I’m relieved. We link arms, pick our way back through the house, passing another bar, a vinyl library, a man stirring a giant vat of paella, a circle of people chanting om, and finally, through the double doors in front. Our cab is here; we get in and fall asleep on opposite corners of the backseat in the hour it takes to return to our hotel.





Thirteen

BFFS




On the surface, Marco is a normal person. He can make eye contact and have perfectly ordinary conversations about things that other people might be interested in, say, the weather, or how lovely it is that we have our own nondairy mixologist called Mylkist at the cafeteria now. But a few sentences in—and I check this multiple times to make sure I’m not just being judgmental—Marco will always steer the conversation in such a way that he ends up telling a story about someone, or something, or all of humanity, dying. At times the transition is so subtle that you wouldn’t even notice it, but occasionally, it’s obvious that while he’s commenting on your shoes, he’s really thinking death/apocalypse/end times thoughts. Let’s say the conversation starts like this in the stairwell:

“Hey, Asha, how’s it going?”

“Going great, how’re you?”

“I was just heading to the seminar on work-hobby balance.”

“Work-hobby?”

“Yeah, you know, if you love something enough, it doesn’t even feel like work, so you call it a hobby, but really, it’s taking all your time and you’re totally obsessed.”
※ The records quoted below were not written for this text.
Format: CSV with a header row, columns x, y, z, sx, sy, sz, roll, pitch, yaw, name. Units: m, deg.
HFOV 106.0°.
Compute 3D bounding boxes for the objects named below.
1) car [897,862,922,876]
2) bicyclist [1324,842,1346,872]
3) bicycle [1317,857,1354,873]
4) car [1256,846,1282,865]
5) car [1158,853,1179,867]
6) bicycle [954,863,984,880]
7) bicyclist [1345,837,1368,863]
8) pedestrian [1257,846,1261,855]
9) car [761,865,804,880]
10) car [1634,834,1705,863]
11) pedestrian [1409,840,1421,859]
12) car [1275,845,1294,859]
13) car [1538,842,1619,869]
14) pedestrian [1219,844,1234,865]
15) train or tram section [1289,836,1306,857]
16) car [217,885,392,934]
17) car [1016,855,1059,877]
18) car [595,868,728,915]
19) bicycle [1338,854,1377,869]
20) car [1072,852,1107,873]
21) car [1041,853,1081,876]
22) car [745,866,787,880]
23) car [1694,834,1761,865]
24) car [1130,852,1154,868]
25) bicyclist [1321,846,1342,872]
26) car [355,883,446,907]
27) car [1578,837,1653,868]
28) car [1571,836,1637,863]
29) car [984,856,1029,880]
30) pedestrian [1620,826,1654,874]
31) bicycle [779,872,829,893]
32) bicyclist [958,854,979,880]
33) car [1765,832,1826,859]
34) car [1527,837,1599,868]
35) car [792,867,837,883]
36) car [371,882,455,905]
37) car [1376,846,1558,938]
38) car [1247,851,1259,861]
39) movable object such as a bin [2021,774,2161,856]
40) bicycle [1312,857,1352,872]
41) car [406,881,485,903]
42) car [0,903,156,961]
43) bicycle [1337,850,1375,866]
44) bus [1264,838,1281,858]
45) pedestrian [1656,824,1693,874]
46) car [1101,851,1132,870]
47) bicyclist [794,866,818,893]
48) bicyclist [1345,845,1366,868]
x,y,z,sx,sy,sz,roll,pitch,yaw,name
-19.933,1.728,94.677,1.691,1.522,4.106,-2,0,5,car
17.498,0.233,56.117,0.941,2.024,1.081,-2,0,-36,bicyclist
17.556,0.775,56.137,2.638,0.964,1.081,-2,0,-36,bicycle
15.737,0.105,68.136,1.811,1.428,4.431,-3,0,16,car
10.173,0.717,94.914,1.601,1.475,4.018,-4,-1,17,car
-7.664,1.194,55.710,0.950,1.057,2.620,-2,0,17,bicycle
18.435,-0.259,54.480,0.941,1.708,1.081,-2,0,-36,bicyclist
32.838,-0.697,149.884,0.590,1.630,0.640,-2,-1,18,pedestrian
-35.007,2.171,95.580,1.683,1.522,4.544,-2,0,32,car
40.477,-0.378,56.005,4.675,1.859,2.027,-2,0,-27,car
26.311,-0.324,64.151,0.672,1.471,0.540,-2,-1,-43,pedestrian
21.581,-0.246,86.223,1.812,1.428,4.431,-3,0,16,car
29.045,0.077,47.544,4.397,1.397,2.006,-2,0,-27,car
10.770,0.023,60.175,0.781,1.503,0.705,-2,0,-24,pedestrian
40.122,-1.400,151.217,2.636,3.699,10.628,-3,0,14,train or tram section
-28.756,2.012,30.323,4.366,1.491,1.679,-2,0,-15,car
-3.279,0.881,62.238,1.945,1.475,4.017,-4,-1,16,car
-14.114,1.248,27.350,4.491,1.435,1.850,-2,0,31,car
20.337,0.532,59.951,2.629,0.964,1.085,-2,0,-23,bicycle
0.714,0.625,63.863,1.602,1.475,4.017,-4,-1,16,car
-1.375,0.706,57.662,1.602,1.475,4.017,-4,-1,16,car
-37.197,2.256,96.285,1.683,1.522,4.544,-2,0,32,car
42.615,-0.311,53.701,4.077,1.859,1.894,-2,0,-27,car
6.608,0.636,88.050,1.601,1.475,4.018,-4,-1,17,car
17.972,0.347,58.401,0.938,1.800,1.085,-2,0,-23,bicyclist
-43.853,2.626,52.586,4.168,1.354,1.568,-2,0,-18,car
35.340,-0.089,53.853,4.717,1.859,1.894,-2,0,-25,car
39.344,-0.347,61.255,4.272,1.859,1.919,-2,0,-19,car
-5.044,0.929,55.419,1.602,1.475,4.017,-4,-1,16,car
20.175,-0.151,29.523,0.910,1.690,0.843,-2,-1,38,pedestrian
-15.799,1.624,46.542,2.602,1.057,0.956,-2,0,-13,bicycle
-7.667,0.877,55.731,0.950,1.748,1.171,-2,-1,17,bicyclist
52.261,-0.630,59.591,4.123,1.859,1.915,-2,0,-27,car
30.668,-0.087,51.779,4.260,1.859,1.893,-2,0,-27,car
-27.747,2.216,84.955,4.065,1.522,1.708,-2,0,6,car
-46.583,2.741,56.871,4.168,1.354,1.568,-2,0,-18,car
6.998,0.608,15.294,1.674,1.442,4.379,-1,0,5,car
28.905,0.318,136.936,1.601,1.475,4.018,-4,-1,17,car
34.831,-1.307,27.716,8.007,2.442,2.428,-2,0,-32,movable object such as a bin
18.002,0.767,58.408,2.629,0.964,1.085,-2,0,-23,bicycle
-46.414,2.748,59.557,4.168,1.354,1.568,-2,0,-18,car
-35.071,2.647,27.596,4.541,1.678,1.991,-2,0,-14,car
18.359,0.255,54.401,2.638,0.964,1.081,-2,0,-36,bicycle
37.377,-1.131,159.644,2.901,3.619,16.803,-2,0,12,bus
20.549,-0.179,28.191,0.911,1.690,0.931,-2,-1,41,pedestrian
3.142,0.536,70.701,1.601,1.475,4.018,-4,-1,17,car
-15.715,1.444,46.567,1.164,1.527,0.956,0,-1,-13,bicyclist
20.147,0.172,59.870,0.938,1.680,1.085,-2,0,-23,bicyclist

“I know what that’s like. Anyway, see you around—”

“The thing is, we talk about people working themselves to death, but we never say ‘He hobbied himself to death.’ Still, there must be a lot of people who do that.”

“Oh, okay.”

“My uncle Gennaro had this thing for gardening, I mean, he just loved all kinds of exotic plants, and so he set up a business selling seeds online.”

“And did he? Work himself to—? I’m sorry.”

“No, heart attack. But everyone said he worked too hard. I think he hobbied too hard.”

Or this:

“If a pandemic wiped out ten percent of the world’s population, as a society, would we become inured to the loss of our loved ones? Would we just care about them less?”

Or this:

“I’m setting up a probabilities algorithm for all the ways humans are going to get wiped out, and I think climate change is definitely winning. Closely followed by antibiotic resistance.”

Cyrus does not see a problem because Cyrus and Marco have become instant best friends.

They’re together all the time, eating lunch at the café, hanging out on the rooftop among Rory’s Popeye plants, booking out the meeting rooms so they can close the door and hatch secret plans. Gaby and Jules are tasked with getting under the hood of Obit.ly’s financials. Ren and I look at the tech. Since Marco is always around, it’s difficult to get Cyrus on his own. He gives off a kind of hummingbird vibe, flapping wildly while appearing to stand perfectly still.



* * *



I try to warn Cyrus. “I think Marco is unstable.”

“What’s wrong with him?”

“He can’t stop talking about the end of the world.”